During the early amortization period of a fixed-rate loan, a large percentage of your payment pays interest, and a significantly smaller percentage goes to principal. The amount paid toward principal increases up slowly every month.

You can choose a fixed-rate loan in order to lock in a low rate. Borrowers choose fixed-rate loans because interest rates are low and they want to lock in the lower rate. For homeowners who have an ARM now, refinancing with a fixed-rate loan can provide more monthly payment stability. If you have an Adjustable Rate Mortgage (ARM) now, we'd love to help you lock in a fixed-rate at a favorable rate. Call All Access California at 559-314-5363 to discuss how we can help.

There are many kinds of Adjustable Rate Mortgages. Generally, the interest rates on ARMs are determined by an outside index. Some examples of outside indexes are: the 6-month CD rate, the one-year Treasury Security rate, the Federal Home Loan Bank's 11th District Cost of Funds Index (COFI), or others.

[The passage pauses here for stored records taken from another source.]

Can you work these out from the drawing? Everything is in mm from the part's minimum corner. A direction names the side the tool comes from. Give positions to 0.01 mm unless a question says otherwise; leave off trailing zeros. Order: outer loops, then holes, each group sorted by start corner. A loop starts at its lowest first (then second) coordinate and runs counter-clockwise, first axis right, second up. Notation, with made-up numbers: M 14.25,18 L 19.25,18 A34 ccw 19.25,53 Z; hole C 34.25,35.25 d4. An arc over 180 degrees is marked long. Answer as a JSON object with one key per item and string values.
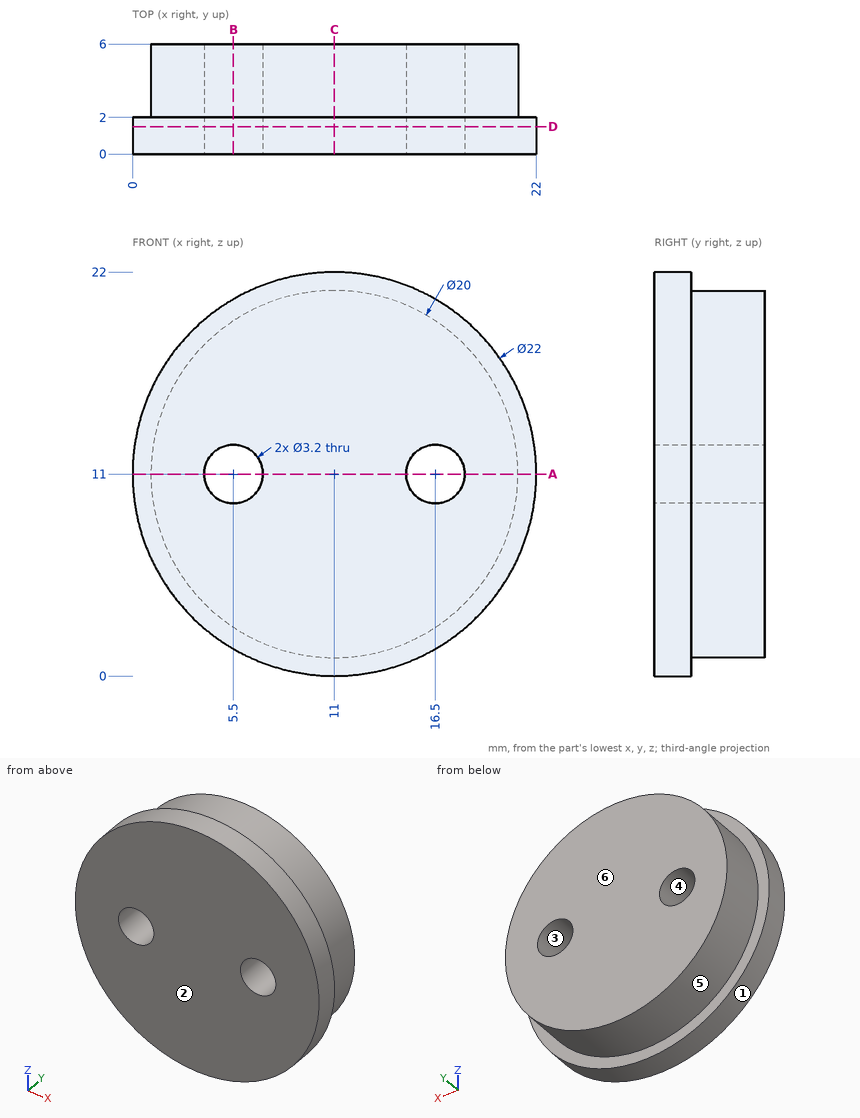
1) I want a section at A-A on z = 11. Write out the boundary of the cut face in (x, y).
Results found:
{"outline": "M 0,0 L 3.9,0 L 3.9,6 L 1,6 L 1,2 L 0,2 Z; M 7.1,0 L 14.9,0 L 14.9,6 L 7.1,6 Z; M 18.1,0 L 22,0 L 22,2 L 21,2 L 21,6 L 18.1,6 Z"}
2) I need wall thicknesses on L1, parallel to X at y = 2.05, z = 11; L2, parallel to X at y = 1.3, z = 11; L3, parallel to Z at x = 5.5, y = 1.45. Which ranges of each line are inside material? Lowest first, please.
Results found:
{"L1": "x = 1 to 3.9, 7.1 to 14.9, 18.1 to 21", "L2": "x = 0 to 3.9, 7.1 to 14.9, 18.1 to 22", "L3": "z = 1.47 to 9.4, 12.6 to 20.53"}
3) For the marked faces 5 and 6, which set-ups out of +Z, -Z, +X, -X, +Y, -Y let a thin tool reach every point of the face, with its end or its side?
Results found:
{"face 5": "+Y", "face 6": "+Z, -Z, +X, -X, +Y"}
4) I want a section at D-D on y = 1.5. Write out the boundary of the cut face in (x, z), and give its area (3 significant figures).
Results found:
{"outline": "C 11,11 d22; hole C 5.5,11 d3.2; hole C 16.5,11 d3.2", "area": "364 mm²"}
5) Thinking about a two-plate mould opening in Z: for the marked faces 1, 2, 3 and 4, which applies, pulls with the +Z half, pulls with the -Z half, needs draft (parallel to the pull), parting line crosses it, or undercut?
Results found:
{"face 1": "parting line crosses it", "face 2": "needs draft", "face 3": "undercut", "face 4": "undercut"}
6) I'm going to push flat-ended pins straight in: pin 1 Ø3 at (x, y) = (4.5, 1.5) entering from -Z; pin 2 Ø1.5 at (x, y) = (3, 1) entering from -Z. Where does each tip first touch, or does it pass through?
Results found:
{"pin 1": "stops at z = 1.2", "pin 2": "stops at z = 2.73"}
7) I want a section at B-B on x = 5.5. Write out the boundary of the cut face in (y, z), and give its area (3 significant figures).
Results found:
{"outline": "M 0,1.47 L 2,1.47 L 2,2.65 L 6,2.65 L 6,9.4 L 0,9.4 Z; M 0,12.6 L 6,12.6 L 6,19.35 L 2,19.35 L 2,20.53 L 0,20.53 Z", "area": "85.7 mm²"}
8) I want a section at C-C on x = 11. Write out the boundary of the cut face in (y, z), and give its area (3 significant figures).
Results found:
{"outline": "M 0,0 L 2,0 L 2,1 L 6,1 L 6,21 L 2,21 L 2,22 L 0,22 Z", "area": "124 mm²"}

The majority of ARMs feature this cap, which means they can't increase over a specified amount in a given period of time. Some ARMs can't adjust more than two percent per year, regardless of the underlying interest rate. Your loan may have a "payment cap" that instead of capping the interest rate directly, caps the amount the payment can go up in one period. Most ARMs also cap your interest rate over the life of the loan.

ARMs most often have their lowest rates at the start of the loan. They usually provide the lower rate from a month to ten years. You've probably read about 5/1 or 3/1 ARMs. For these loans, the introductory rate is fixed for three or five years. After this period it adjusts every year. These types of loans are fixed for a number of years (3 or 5), then they adjust. These loans are often best for people who expect to move in three or five years. These types of ARMs benefit borrowers who plan to sell their house or refinance before the initial lock expires.

Most borrowers who choose ARMs do so when they want to take advantage of lower introductory rates and do not plan to remain in the home for any longer than this initial low-rate period. ARMs can be risky when property values decrease and borrowers can't sell or refinance.